Posted on 07/03/2020 6:19:58 AM PDT by srmanuel
In many neighborhoods the Satellite TV dishes have become so common no one notices them anymore...depending on where you are and how the dish is placed on the house it does not affect resale value...
Now I own a vacation condo and every unit getting a dish would be ugly, I’ve argued for a fewer ground mounted dishes that people connect to but to no avail..
You are correct wrt vast Internet services. In the past, I’ve installed both commercial and residential vsat rigs and have first hand experience with the issues, namely:
1. Godawful latency. The best commercial rigs managed 250-300 msec, while residential rigs were typically 1200-1800 msec.
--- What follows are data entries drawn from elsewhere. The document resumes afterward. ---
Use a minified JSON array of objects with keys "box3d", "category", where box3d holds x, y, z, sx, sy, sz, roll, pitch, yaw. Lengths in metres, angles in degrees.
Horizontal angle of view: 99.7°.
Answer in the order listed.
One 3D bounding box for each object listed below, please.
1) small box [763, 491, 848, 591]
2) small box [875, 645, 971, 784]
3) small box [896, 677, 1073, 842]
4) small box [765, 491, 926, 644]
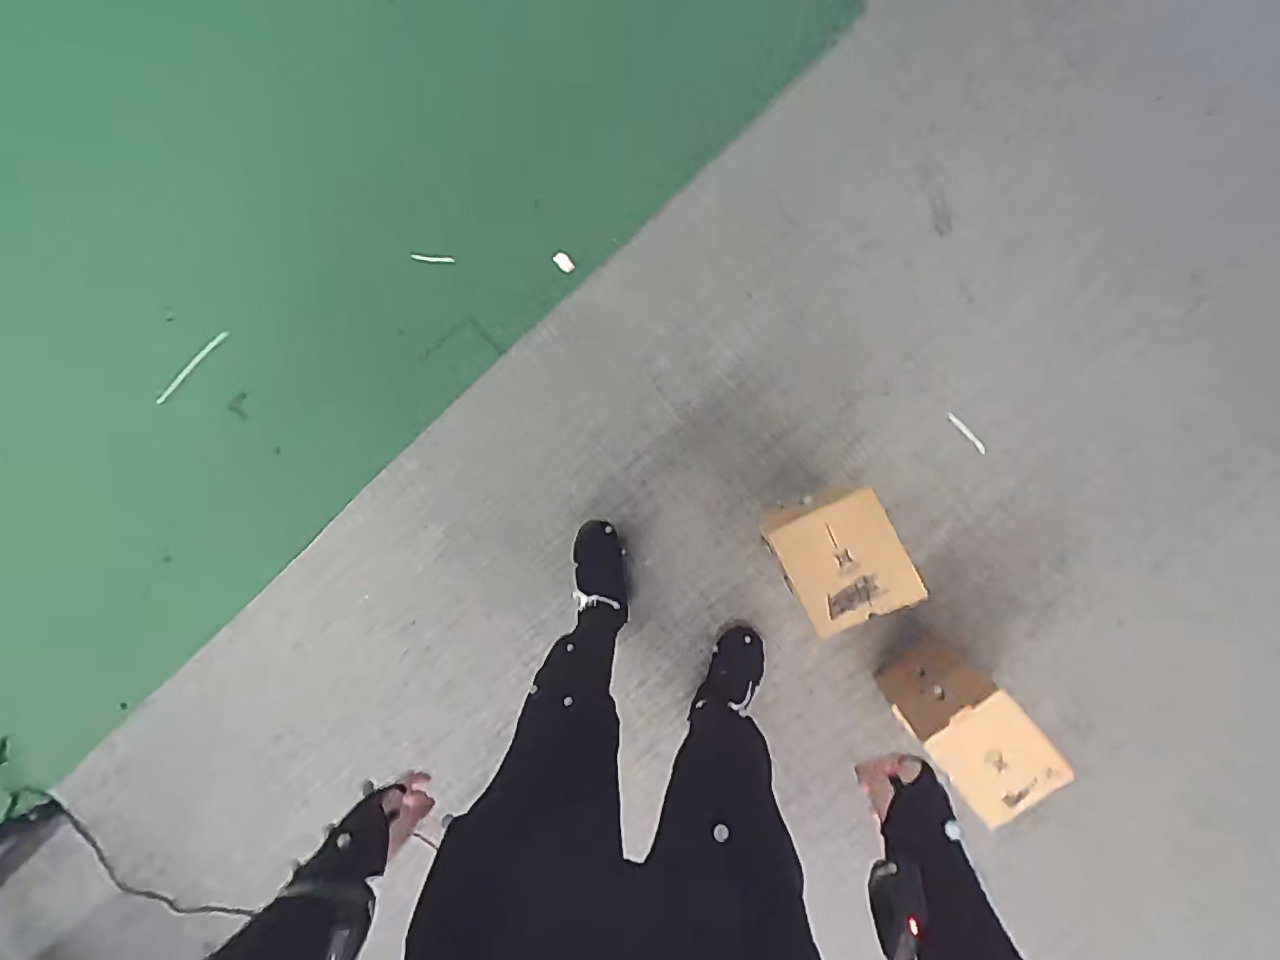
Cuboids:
[{"box3d":[0.373,0.126,1.162,0.179,0.176,0.168,-18,87,11],"category":"small box"},{"box3d":[0.611,0.472,1.112,0.179,0.176,0.168,-39,82,8],"category":"small box"},{"box3d":[0.585,0.472,0.950,0.168,0.176,0.179,-37,82,9],"category":"small box"},{"box3d":[0.306,0.125,0.841,0.168,0.176,0.179,-24,84,10],"category":"small box"}]
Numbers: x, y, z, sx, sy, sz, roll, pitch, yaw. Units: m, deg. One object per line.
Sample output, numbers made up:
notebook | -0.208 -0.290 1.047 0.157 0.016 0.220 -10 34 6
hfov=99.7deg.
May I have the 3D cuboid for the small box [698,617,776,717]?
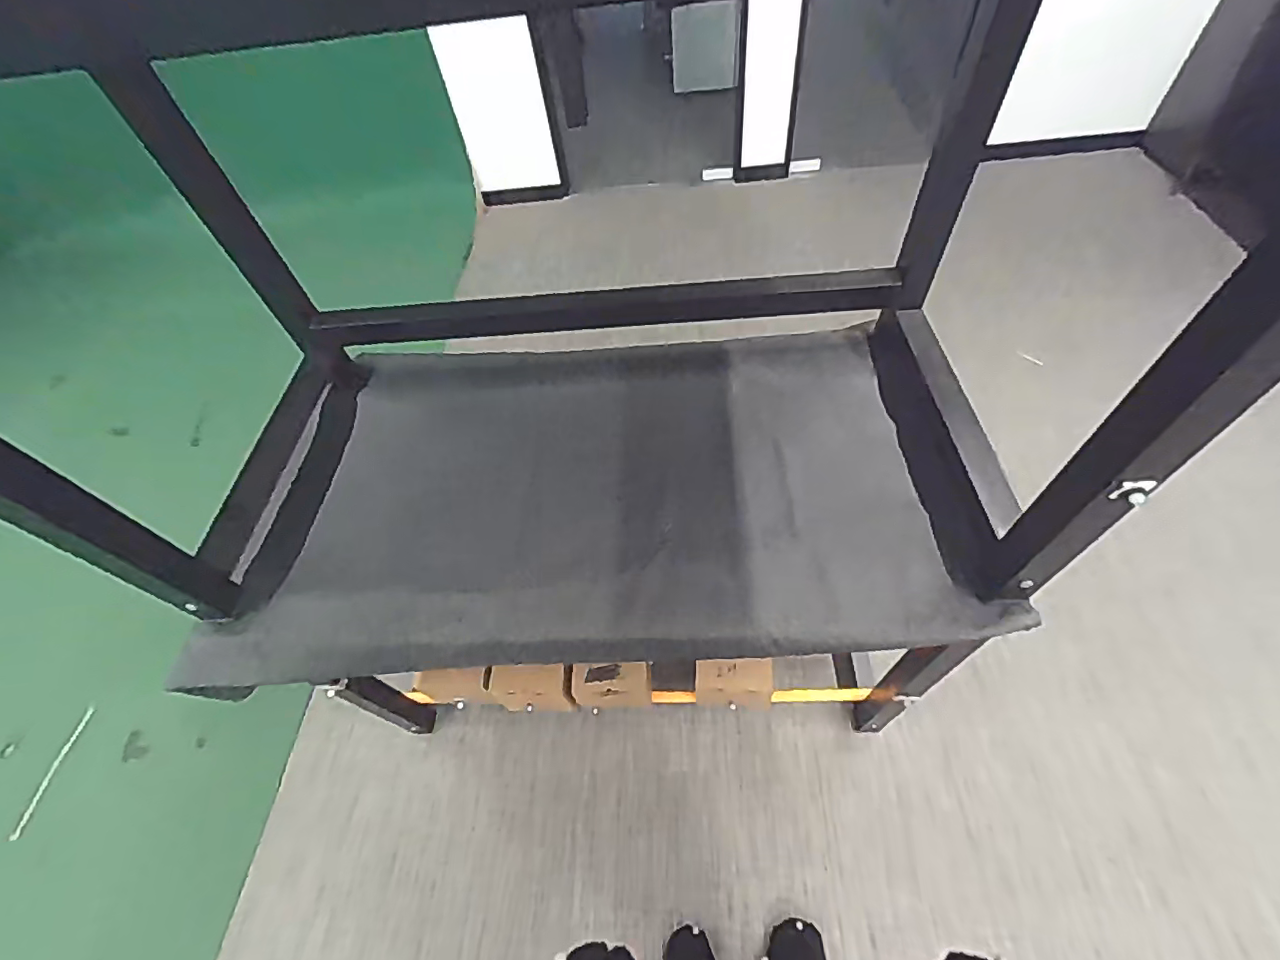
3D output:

2. Gross asymmetry wrt tx/rx speeds. Sure, you might get 25 mbps down from HughesNet, but never better than ISDN speeds up (128 kbps) on a good day. This plays hell with any website or application designed for conventionally shaped traffic. Some sites will just time out owing to the asymmetry.
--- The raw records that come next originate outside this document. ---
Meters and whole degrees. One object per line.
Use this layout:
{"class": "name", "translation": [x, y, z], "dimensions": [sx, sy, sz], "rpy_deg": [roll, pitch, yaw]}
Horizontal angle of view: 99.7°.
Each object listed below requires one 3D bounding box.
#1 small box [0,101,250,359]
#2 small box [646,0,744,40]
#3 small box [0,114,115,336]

3. Extreme sensitivity to weather. The transmitters for residential rigs are pretty weak, relatively speaking. A typical commercial transmitter will be 5 watts or better. Resodential, usually less than a watt, so their ability to punch through weather is pretty weak.
4. Vsat companies. They all suck. Horrible customer service from turd world call centers who are little better than script readers with virtually no understanding of the product they support.
5. Service contract fine print. Service sucks? Too bad. They never guarantee anything.
On the reddit link I posted, there is a picture of what is reported to be the Starlink dish/antenna
I signed up over a month ago. So far all I have received is the “Thank you for signing up” email. The speeds they are advertising are about 10x what I get now.
Supposedly they are going to roll it out in the northern latitudes first.